SOAs have traditionally focused on the re-use of code, allowing services such as a login module or currency conversion module to be designed once and then reused in multiple applications across an enterprise. The architecture lowers development costs but cutting down development time and by increasing the quality of the code that is used within a company.

IBM last September shifted its focus from stressing the technology benefits of SOAs to zooming in on ways that SOAs allowed for increased business agility. At the time, the firm unveiled a set of industry-specific 'key agility indicators' that allow customers to compare their agility with a set of IBM-defined, industry-specific best practices. Further expanding on its push for best practices, the company on Monday published two indicators for financial management and human capital management.

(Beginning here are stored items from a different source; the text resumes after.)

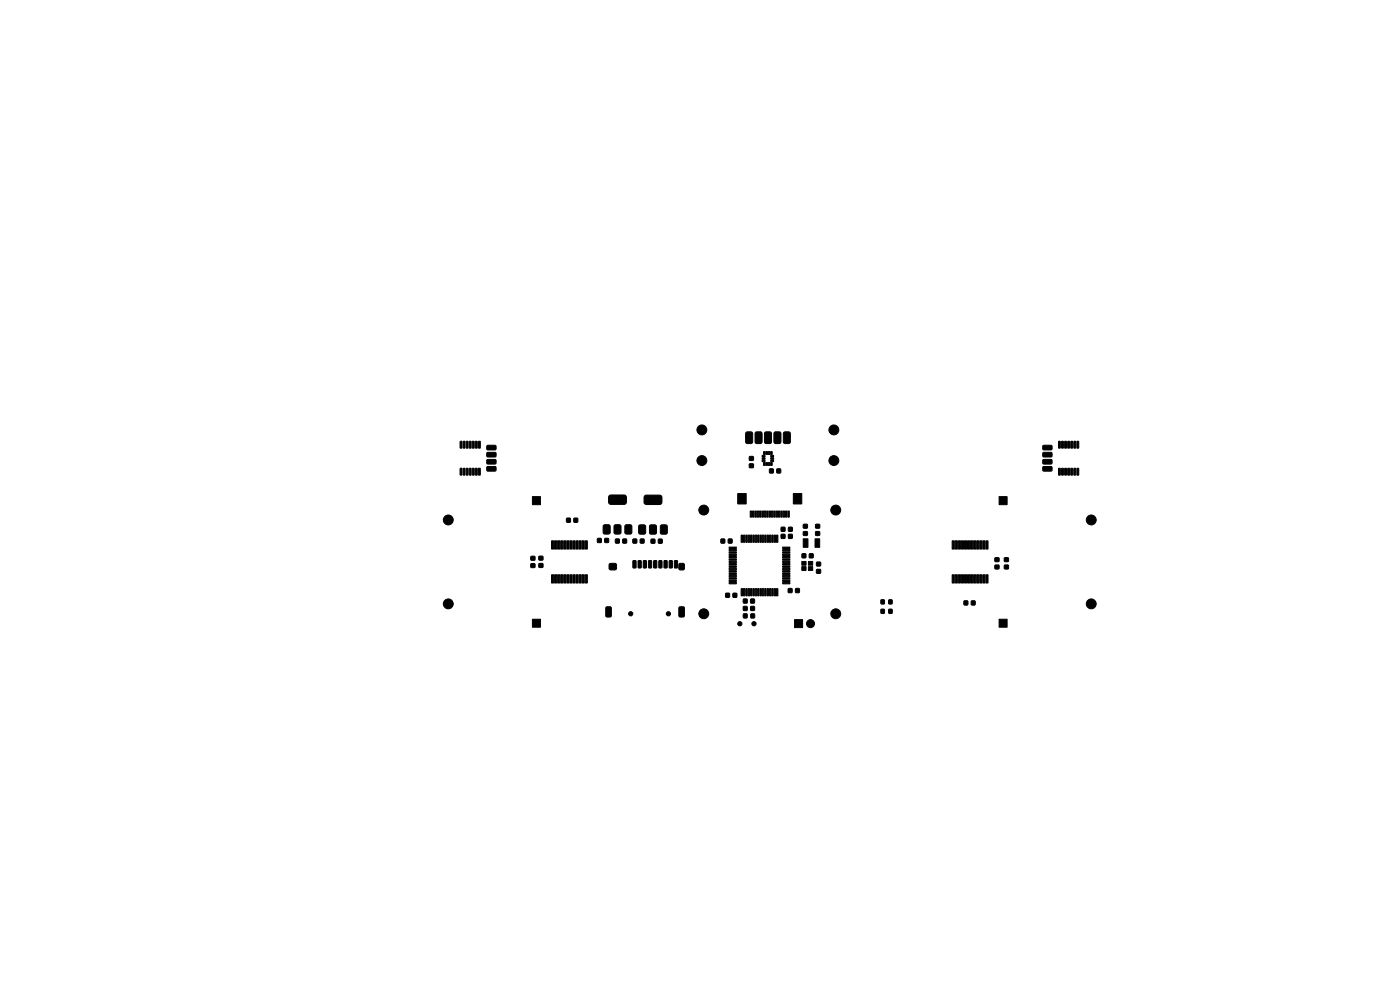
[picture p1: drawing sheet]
<svg xmlns="http://www.w3.org/2000/svg" width="297mm" height="210mm" viewBox="0 0 297 210" stroke-linecap="round" stroke-linejoin="round" font-family="sans-serif">
<g fill="#000" stroke="#000" stroke-width=".21">
<path d="M97.6 93.6l.4 .1-.1 1.4-.3-.1zM97.6 99.4h.4l-.1 1.4-.3-.1zM98.3 93.6l.3 .1v1.4l-.3-.1zM98.3 99.4h.3v1.4l-.3-.1zM98.9 93.6l.4 .1-.1 1.4-.3-.1zM98.9 99.4h.4l-.1 1.4-.3-.1zM99.6 93.6l.3 .1v1.4l-.3-.1zM99.6 99.4h.3v1.4l-.3-.1zM100.2 93.6l.4 .1-.1 1.4-.3-.1zM100.2 99.4h.4l-.1 1.4-.3-.1zM100.9 93.6l.3 .1v1.4l-.3-.1zM100.9 99.4h.3v1.4l-.3-.1z"/>
<path d="M101.5 93.6l.4 .1-.1 1.4-.3-.1zM101.5 99.4h.4l-.1 1.4-.3-.1zM103.3 99h1.8l.1 .2v.6l-.2 .2-1.6-.1-.2-.2zM103.3 97.5h1.8l.1 .2v.6l-.2 .1h-1.6l-.2-.2zM103.3 96h1.8l.1 .2v.6l-.2 .2-1.6-.1-.2-.2zM103.3 94.5h1.8l.1 .2v.6l-.2 .1h-1.6l-.2-.2zM158.2 91.8l.4-.2h.8l.2 .2 .1 1.9-.2 .3-.9 .1-.4-.2zM159 96.9h.8v.7h-.8zM159 98.4h.8v.8h-.8zM160.2 91.8l.4-.2h.8l.2 .2 .1 1.9-.2 .3-.9 .1-.4-.2zM161.7 97.6h.5l.1 .3h-.6zM161.7 97.1h.5l.1 .3h-.6z"/>
<path d="M161.7 96.6h.5l.1 .3h-.6zM162 98.1l.3 .1v.5h-.3zM162 95.8h.3v.6h-.3zM162.5 98.1l.3 .1v.5h-.3zM162.5 95.8h.3v.6h-.3zM163 98.1l.3 .1v.5h-.3zM163 95.8h.3v.6h-.3zM163.3 99.5h.7v.8h-.7zM162.2 91.8l.4-.2h.8l.2 .2 .1 1.9-.2 .3-.9 .1-.4-.2zM163.5 98.1l.3 .1v.5h-.3zM163.5 95.8h.3v.6h-.3zM163.5 96.6h.6v.3h-.5z"/>
<path d="M163.5 97.1h.6v.3h-.5zM163.5 97.6h.6v.3h-.5zM164.8 99.5h.8v.8h-.8zM164.2 91.8l.4-.2h.8l.2 .2 .1 1.9-.2 .3-.9 .1-.4-.2zM166.2 91.8l.4-.2h.8l.2 .2 .1 1.9-.2 .3-.9 .1-.4-.2zM221.3 94.5h1.7l.2 .2v.6l-.2 .1h-1.6l-.2-.2zM221.3 96h1.7l.2 .2v.6l-.2 .2-1.6-.1-.2-.2zM221.3 97.5h1.7l.2 .2v.6l-.2 .1h-1.6l-.2-.2zM221.3 99h1.7l.2 .2v.6l-.2 .2-1.6-.1-.2-.2zM224.6 93.6l.3 .1v1.4l-.3-.1zM225.2 93.6l.4 .1-.1 1.4-.3-.1zM225.9 93.6l.3 .1v1.4l-.3-.1z"/>
<path d="M226.5 93.6l.4 .1-.1 1.4-.3-.1zM227.2 93.6l.3 .1v1.4l-.3-.1zM227.8 93.6l.4 .1-.1 1.4-.3-.1zM228.5 93.6l.3 .1v1.4l-.3-.1zM112.9 105.4h1.8v1.7h-1.8zM112.6 118h.9v.8h-.9zM112.6 119.6h.9v.8h-.9zM114.3 118h.9v.8h-.9zM114.3 119.6h.9v.7h-.9zM117 114.7h.5v1.8h-.5zM117.7 114.7h.4v1.8h-.4zM118.3 114.7h.5v1.8h-.5z"/>
<path d="M118.9 114.7h.5v1.8h-.5zM119.6 114.7h.5v1.8h-.5zM120.2 114.7h.5v1.8h-.5zM120.2 109.9h.8v.9h-.8zM120.9 114.7h.5v1.8h-.5zM121.5 114.7h.5v1.8h-.5zM121.8 109.9h.7v.9h-.7zM122.2 114.7h.4v1.8h-.4zM122.8 114.7h.5v1.8h-.5zM123.5 114.7h.4v1.8h-.4zM124.2 114.7h.4v1.8h-.4zM126.8 114.2h.7v.9h-.7z"/>
<path d="M128 111.5l.3-.2h.9l.2 .2 .1 1.4-.2 .3-1 .1-.3-.2zM128.3 114.2h.8v.9h-.8zM129.3 119.6h1.4l.1 .2-.1 1-.2 .1-1.2-.1-.1-.3v-.7zM129.2 105.1l.4-.1 3 .1 .3 .3-.1 1.3-.4 .3-3-.1-.3-.4v-1.1zM130.6 114.4h.8v.8h-.8zM130.3 111.5l.3-.2h.9l.2 .2 .1 1.4-.2 .3-1 .1-.3-.2zM132.1 114.4h.8v.8h-.8zM132.6 111.5l.3-.2h.9l.2 .2 .1 1.4-.2 .3-1 .1-.3-.2zM134.3 119h.6l-.1 1.5-.5-.1zM134.3 114.4h.8v.8h-.8zM135.4 119h.6l-.1 1.5-.5-.1zM135.6 111.4l1-.1 .3 .2 .1 1.4-.2 .4h-.9l-.4-.1v-1.5z"/>
<path d="M136.5 119h.6l-.1 1.5-.5-.1zM135.8 114.4h.8v.8h-.8zM136.8 105.2l.3-.2 3.1 .1 .2 .3v1.4l-.5 .2h-3l-.3-.5v-1.1zM137.6 119h.6l-.1 1.5-.5-.1zM138.1 114.4h.8v.8h-.8zM137.9 111.4l1-.1 .3 .2 .1 1.4-.2 .4h-.9l-.4-.1v-1.5zM138.7 119h.6l-.1 1.5-.5-.1zM139.7 114.4h.8v.8h-.8zM139.8 119h.6l-.1 1.5-.5-.1zM140.2 111.4l1-.1 .3 .2 .1 1.4-.2 .4h-.9l-.4-.1v-1.5zM140.9 119h.6l-.1 1.5-.5-.1zM142 119h.6l-.1 1.5-.5-.1z"/>
<path d="M143.1 119h.6l-.1 1.5-.5-.1zM144.1 119.6l.8-.1 .2 .1 .1 1-.1 .2-.8 .1-.2-.1-.1-1zM153 114.4h.7v.8h-.7zM154.5 114.4h.8v.8h-.8zM154.7 119.6l1.5-.1v.3h-1.4zM154.7 119.1h1.5v.2l-1.4 .1zM154.7 118.6l1.5-.1v.3h-1.4zM154.7 118.1h1.5v.2l-1.4 .1zM154.7 117.6l1.5-.1v.3h-1.4zM154.7 117.1h1.5v.2l-1.4 .1zM154.7 116.6l1.5-.1v.3h-1.4zM154.7 116.1h1.5v.2l-1.4 .1z"/>
<path d="M156.5 104.7h1.8v2.2h-1.8zM157.2 113.5l.3 .1v1.5l-.3-.1zM157.7 113.5l.3 .1-.1 1.5-.2-.1zM158.2 113.5l.3 .1v1.5l-.3-.1zM158.7 113.5l.3 .1-.1 1.5-.2-.1zM159.2 108.4h.3v1.3h-.3zM159.2 113.5l.3 .1v1.5l-.3-.1zM159.6 108.4h.3v1.3h-.3zM159.7 113.5l.3 .1-.1 1.5-.2-.1zM160.2 108.4h.3v1.3h-.3zM160.2 113.5l.3 .1v1.5l-.3-.1zM160.6 108.4h.3v1.3h-.3z"/>
<path d="M160.7 113.5l.3 .1-.1 1.5-.2-.1zM161.2 108.4h.3v1.3h-.3zM161.2 113.5l.3 .1v1.5l-.3-.1zM161.6 108.4h.3v1.3h-.3zM161.7 113.5l.3 .1-.1 1.5-.2-.1zM162.2 108.4h.3v1.3h-.3zM162.2 113.5l.3 .1v1.5l-.3-.1zM162.6 108.4h.3v1.3h-.3zM162.7 113.5l.3 .1-.1 1.5-.2-.1zM163.2 108.4h.3v1.3h-.3zM163.2 113.5l.3 .1v1.5l-.3-.1zM163.6 108.4h.3v1.3h-.3z"/>
<path d="M163.7 113.5l.3 .1-.1 1.5-.2-.1zM164.2 108.4h.3v1.3h-.3zM164.2 113.5l.3 .1v1.5l-.3-.1zM164.6 108.4h.3v1.3h-.3zM164.7 113.5l.3 .1-.1 1.5-.2-.1zM165.2 108.4h.3v1.3h-.3zM165.6 108.4h.3v1.3h-.3zM165.7 113.4h.8v.8h-.8zM165.7 111.9h.8v.8h-.8zM166.2 108.4h.3v1.3h-.3zM166.6 108.4h.3v1.3h-.3zM167.2 108.4h.3v1.3h-.3z"/>
<path d="M167.3 113.4h.8v.8h-.8zM167.3 111.9h.8v.8h-.8zM166 116.1h1.5l.1 .2-1.5 .1zM166 116.6l1.5-.1 .1 .3h-1.5zM166 117.1h1.5l.1 .2-1.5 .1zM166 117.6l1.5-.1 .1 .3h-1.5zM166 118.1h1.5l.1 .2-1.5 .1zM166 118.6l1.5-.1 .1 .3h-1.5zM166 119.1h1.5l.1 .2-1.5 .1zM166 119.6l1.5-.1 .1 .3h-1.5zM168.3 104.7h1.8v2.2h-1.8zM170.4 114.3h1v1.8h-1z"/>
<path d="M170.2 117.5h.7v.8h-.7zM170.1 119.1h.9v.8h-.9zM170.4 111.2h.9v.8h-.9zM170.4 112.8h.9v.8h-.9zM171.5 119.1h.9v.8h-.9zM171.7 117.5h.8v.8h-.8zM172.9 114.3h1v1.8h-1zM173 111.2h.9v.8h-.9zM173 112.8h.9v.8h-.9zM173.2 119.3h.9v.7h-.9zM202 114.7h.4v1.8h-.4zM202.7 114.7h.4v1.8h-.4z"/>
<path d="M203.3 114.7h.4v1.8h-.4zM204 114.7h.4v1.8h-.4zM204.6 114.7h.4v1.8h-.4zM205.3 114.7h.4v1.8h-.4zM205.9 114.7h.5v1.8h-.5zM206.5 114.7h.5v1.8h-.5zM207.2 114.7h.5v1.8h-.5zM207.8 114.7h.5v1.8h-.5zM208.5 114.7h.5v1.8h-.5zM209.1 114.7h.5v1.8h-.5zM211.1 118.3h.8v.8h-.8zM212 105.4h1.7v1.7h-1.7z"/>
<path d="M213.1 118.3h.8v.8h-.8zM224.6 99.4h.3v1.4l-.3-.1zM225.2 99.4h.4l-.1 1.4-.3-.1zM225.9 99.4h.3v1.4l-.3-.1zM226.5 99.4h.4l-.1 1.4-.3-.1zM227.2 99.4h.3v1.4l-.3-.1zM227.8 99.4h.4l-.1 1.4-.3-.1zM228.5 99.4h.3v1.4l-.3-.1zM112.9 131.4h1.8v1.7h-1.8zM117 121.9h.5v1.8h-.5zM117.7 121.9h.4v1.8h-.4zM118.3 121.9h.5v1.8h-.5z"/>
<path d="M118.9 121.9h.5v1.8h-.5zM119.6 121.9h.5v1.8h-.5zM120.2 121.9h.5v1.8h-.5zM120.9 121.9h.5v1.8h-.5zM121.5 121.9h.5v1.8h-.5zM122.2 121.9h.4v1.8h-.4zM122.8 121.9h.5v1.8h-.5zM123.5 121.9h.4v1.8h-.4zM124.2 121.9h.4v1.8h-.4zM128.6 128.8l.2-.1 .8 .1 .1 1.8-.1 .2-.8 .1-.2-.1zM144.1 128.8l.2-.1 .8 .1 .1 1.8-.1 .2-.8 .1-.2-.1zM154 125.9h.7v.8h-.7z"/>
<path d="M154.7 123.6l1.5-.1v.3h-1.4zM154.7 123.1h1.5v.2l-1.4 .1zM154.7 122.6l1.5-.1v.3h-1.4zM154.7 122.1h1.5v.2l-1.4 .1zM154.7 121.6l1.5-.1v.3h-1.4zM154.7 121.1h1.5v.2l-1.4 .1zM154.7 120.6l1.5-.1v.3h-1.4zM154.7 120.1h1.5v.2l-1.4 .1zM155.5 125.9h.8v.8h-.8zM157.2 124.9h.3v1.5l-.3-.1zM157.7 127.1h.8v.8h-.8zM157.7 128.7h.8v.8h-.8z"/>
<path d="M157.7 130.2h.8v.9h-.8zM157.7 124.9h.3l-.1 1.5-.2-.1zM158.2 124.9h.3v1.5l-.3-.1zM158.7 124.9h.3l-.1 1.5-.2-.1zM159.3 127.1h.7v.8h-.7zM159.3 128.7h.7v.8h-.7zM159.3 130.2h.7v.9h-.7zM159.2 124.9h.3v1.5l-.3-.1zM159.7 124.9h.3l-.1 1.5-.2-.1zM160.2 124.9h.3v1.5l-.3-.1zM160.7 124.9h.3l-.1 1.5-.2-.1zM161.2 124.9h.3v1.5l-.3-.1z"/>
<path d="M161.7 124.9h.3l-.1 1.5-.2-.1zM162.2 124.9h.3v1.5l-.3-.1zM162.7 124.9h.3l-.1 1.5-.2-.1zM163.2 124.9h.3v1.5l-.3-.1zM163.7 124.9h.3l-.1 1.5-.2-.1zM164.2 124.9h.3v1.5l-.3-.1zM164.7 124.9h.3l-.1 1.5-.2-.1zM167.2 124.9h.8v.8h-.8zM166 120.1h1.5l.1 .2-1.5 .1zM166 120.6l1.5-.1 .1 .3h-1.5zM166 121.1h1.5l.1 .2-1.5 .1zM166 121.6l1.5-.1 .1 .3h-1.5z"/>
<path d="M166 122.1h1.5l.1 .2-1.5 .1zM166 122.6l1.5-.1 .1 .3h-1.5zM166 123.1h1.5l.1 .2-1.5 .1zM166 123.6l1.5-.1 .1 .3h-1.5zM168.8 124.9h.8v.8h-.8zM168.6 131.4h1.7v1.7h-1.7zM170.1 120.2h.9v.8h-.9zM171.5 120.2h.9v.8h-.9zM173.2 120.8h.9v.8h-.9zM186.9 129.3h.7v.8h-.7zM186.9 127.3h.7v.8h-.7zM188.6 129.3h.6v.8h-.6z"/>
<path d="M188.6 127.3h.6v.8h-.6zM202 121.9h.4v1.8h-.4zM202.7 121.9h.4v1.8h-.4zM203.3 121.9h.4v1.8h-.4zM204 121.9h.4v1.8h-.4zM204.5 127.5h.8v.8h-.8zM204.6 121.9h.4v1.8h-.4zM205.3 121.9h.4v1.8h-.4zM205.9 121.9h.5v1.8h-.5zM206.1 127.5h.7v.8h-.7zM206.5 121.9h.5v1.8h-.5zM207.2 121.9h.5v1.8h-.5z"/>
<path d="M207.8 121.9h.5v1.8h-.5zM208.5 121.9h.5v1.8h-.5zM209.1 121.9h.5v1.8h-.5zM211.1 119.9h.8v.8h-.8zM212 131.4h1.7v1.7h-1.7zM213.1 119.9h.8v.8h-.8z"/>
<circle cx="148.9" cy="91.2" r="1.05"/>
<circle cx="148.9" cy="97.7" r="1.05"/>
<circle cx="176.9" cy="91.2" r="1.05"/>
<circle cx="176.9" cy="97.7" r="1.05"/>
<circle cx="95.1" cy="110.3" r="1.05"/>
<circle cx="149.3" cy="108.2" r="1.05"/>
<circle cx="177.3" cy="108.2" r="1.05"/>
<circle cx="231.5" cy="110.3" r="1.05"/>
<circle cx="95.1" cy="128.1" r="1.05"/>
<circle cx="133.8" cy="130.2" r=".45"/>
<circle cx="141.8" cy="130.2" r=".45"/>
<circle cx="149.3" cy="130.2" r="1.05"/>
<circle cx="156.9" cy="132.3" r=".45"/>
<circle cx="159.9" cy="132.3" r=".45"/>
<circle cx="171.9" cy="132.3" r=".85"/>
<circle cx="177.3" cy="130.2" r="1.05"/>
<circle cx="231.5" cy="128.1" r="1.05"/>
</g>
</svg>

IBM at the tradeshow also unveiled the WebSphere Business Events application, which is based on AptSoft, an application that IBM acquired last January for an undisclosed sum. The application adds the ability to build more complex event chains to IBM's portfolio of event servers and lets business people set up alerts. An insurance provider for instance will now be able to identify when a customer is placing multiple inquiries for price quotes or visiting the website multiple times within a short time, identifying the customer as a hot lead.

The SOA-market is considered a continuation and expansion of the enterprise application integration (EAI) space. IBM's Websphere application server traditionally has been the largest commercial player in that segment. At the Impact 2008 conference, the company cited a new study from Wintergreen Research which pegged IBM's market share in the SOA market at 64 percent, trailed by Oracle/BEA and Tibco at 7 percent each. Wintergreen last year put IBM at 53 percent market share.

The SOA market however is notoriously difficult to chart because it is made up of a slew of products that often have multiple potential applications including as SOAs. Market share data such as Wintergreen's therefore carries little weight, said Charles Brett, a principal analyst with Forrester Research.

The architecture instead uses a set of established technologies such as application servers, event management servers and other middleware applications. The lack of real technology will cause the term to be soon extinct, Brett predicted: "SOA is very much about getting a marketing message across. But it doesn't have a long life," Brett told Webwereld, an IDG affiliate.